Тем более, что к чисто визуальному эффекту был щедро добавлен и обонятельный, и осязательный: от запаха свежей пролитой крови и от «аромата» выпотрошенных тел откровенно мутило, несмотря на то, что все уже выяснили, так сказать, «опытным путем», что блевать больше просто нечем! А липкие от крови руки, казалось, придется отмывать неделю, ну и мухи — куда же без них…
Пока завершили свой скорбный труд и отмывались в ручье, сгустились сумерки и мы, посомневавшись немного, все же решили заночевать поблизости. Ближе к лесу, с противоположной стороны от тракта, как бы за спиной великанского дуба, росшего по центру поляны, которую неизвестные «доброхоты» превратили в филиал скотобойни, была очень даже неплохая и вместительная полянка, окруженная с трех сторон густым колючим кустарником, заваленным к тому же сухими и ломкими ветками, делающими совершенно невозможным бесшумное передвижение по ним.
С четвертой стороны полянку ограничивал неширокий, но довольно бурный ручей, который помимо снабжения нас чистой и холодной водой, мог выполнять еще и защитную функцию, так что посадив дежурного напротив единственного прохода, мы могли быть если не гарантированы от того, чтобы повторить участь тех несчастных, чьими похоронами только что занимались, то хотя бы, получали шанс отбиться!
Я так подробно об этом пишу, чтобы объяснить, почему мы, здорово впечатленные той жестокостью, с которой был уничтожен отряд, остались однако, буквально в паре десятков шагов от края зловещей поляны, не смотря на мандраж, разной степени тяжести, имевший место быть в нашей разношерстной компании, ведь никому не хотелось разделить участь предшественников.
Некоторые сомнения на сей счет развеяли Сулим с Нихимом, которые быстренько сгоняли на несколько «поприщ» (хрен его знает сколько в нормальном мероисчислении это значило — спросить не рискнул) и заверили всех, что хоть подходящие для ночевки полянки там и имеются, но с этой, конкурировать в плане защищенности, они не могут от слова «никак»!

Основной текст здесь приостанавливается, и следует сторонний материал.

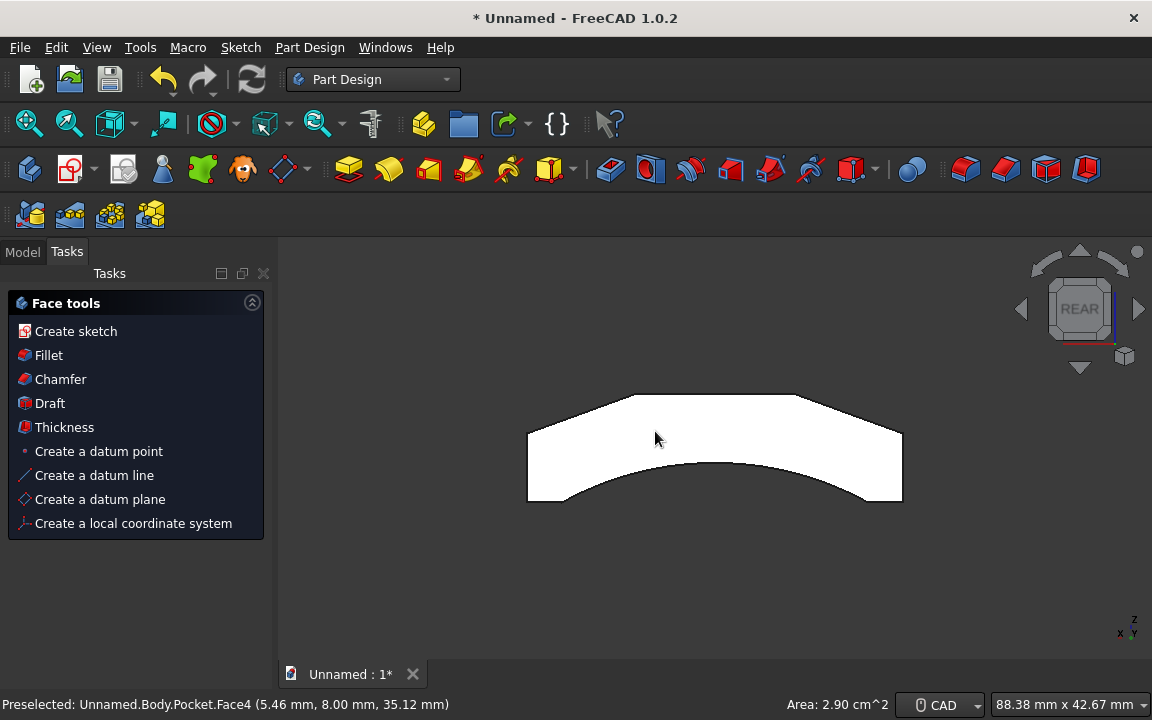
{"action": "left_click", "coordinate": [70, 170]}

Освободив лошадей от упряжи, прагматичные крестьяне предпочли не использовать телеги для сна, а выстроили из них что-то вроде вагенбурга — дополнительной защиты, но замкнутого не в кольцо, а на заросли окружающие поляну-бивак. Естественно, что своих драгоценных коняшек, они завели в самую середину. Впрочем — я такую заботу о животных только приветствовал.
Вскорости на поляне заполыхали три костра: на одном планировалось готовить «снедать», ужин то есть, а два других использовались для просушки стиранных рубах наиболее впечатлительными мужиками, которые либо реально вымазались в крови, либо которым казалось, что от одежды разит кровью — к последним принадлежал и я. Только в отличие от большинства крестьян, мне было во что переодеться…

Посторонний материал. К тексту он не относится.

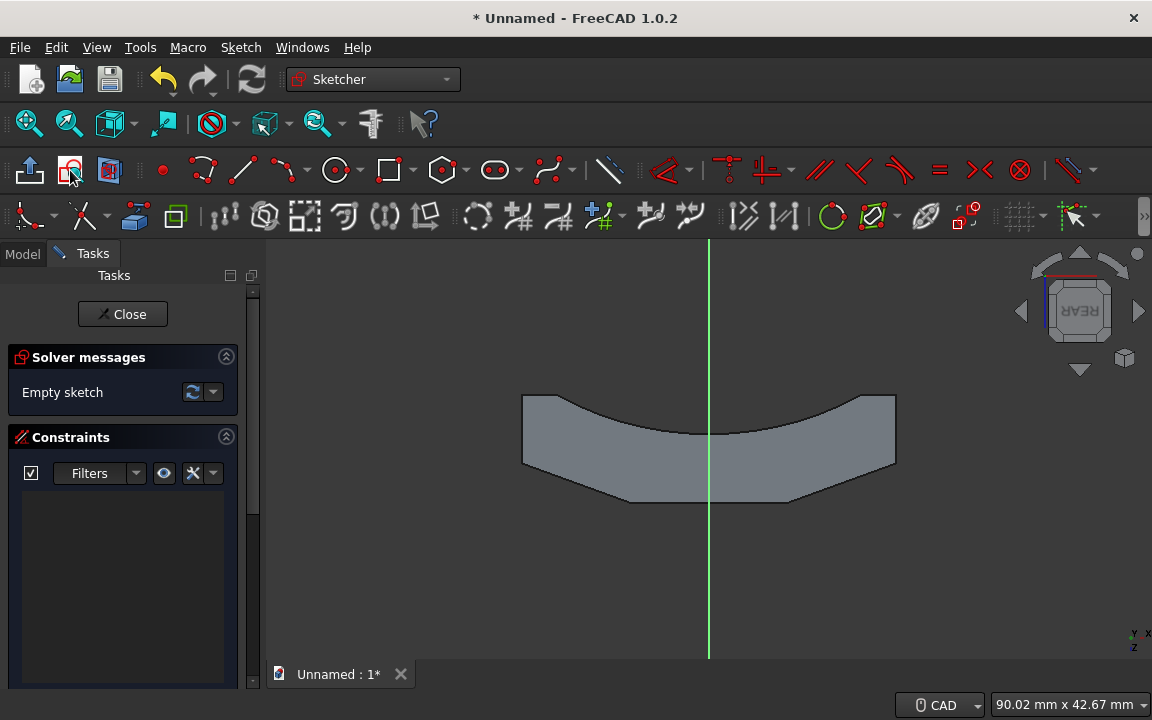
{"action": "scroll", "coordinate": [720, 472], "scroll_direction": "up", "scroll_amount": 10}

Фактически не имея в желудке за целый день и маковой росинки, к идее приготовления пищи, все отнеслись с прохладцей: никто не верил, что сможет нормально поесть после увиденного. Однако, когда вскипятили один котелок на пробу для чая, то напиток не только пошел на «ура», но и успешно реанимировал, казалось напрочь сдохший аппетит!
И все время пока мы обустраивали лагерь, мылись и стирались, пили чай, а потом готовили кулеш, по моему фирменному рецепту (самая быстрая каша, кроме геркулеса, которого здесь не знают) и ели его, а затем разыгрывали как в «фанты» очередность дежурства, мне казалось, что тот «злобный и жуткий», или просто «жуткий» — до конца я так и не разобрался, по-прежнему рядом и внимательно следит за нами с каким-то хищным, чтобы не сказать — «гастрономическим» интересом…
***
Ночь прошла тревожно и не только для меня: периодически кто-нибудь из моих спутников вставал и подходил к костру то попить, то покурить. Табак здесь знали, но использовали и еще несколько трав со слабым наркотическим эффектом — одни с успокоительным, другие — наоборот, с возбуждающим.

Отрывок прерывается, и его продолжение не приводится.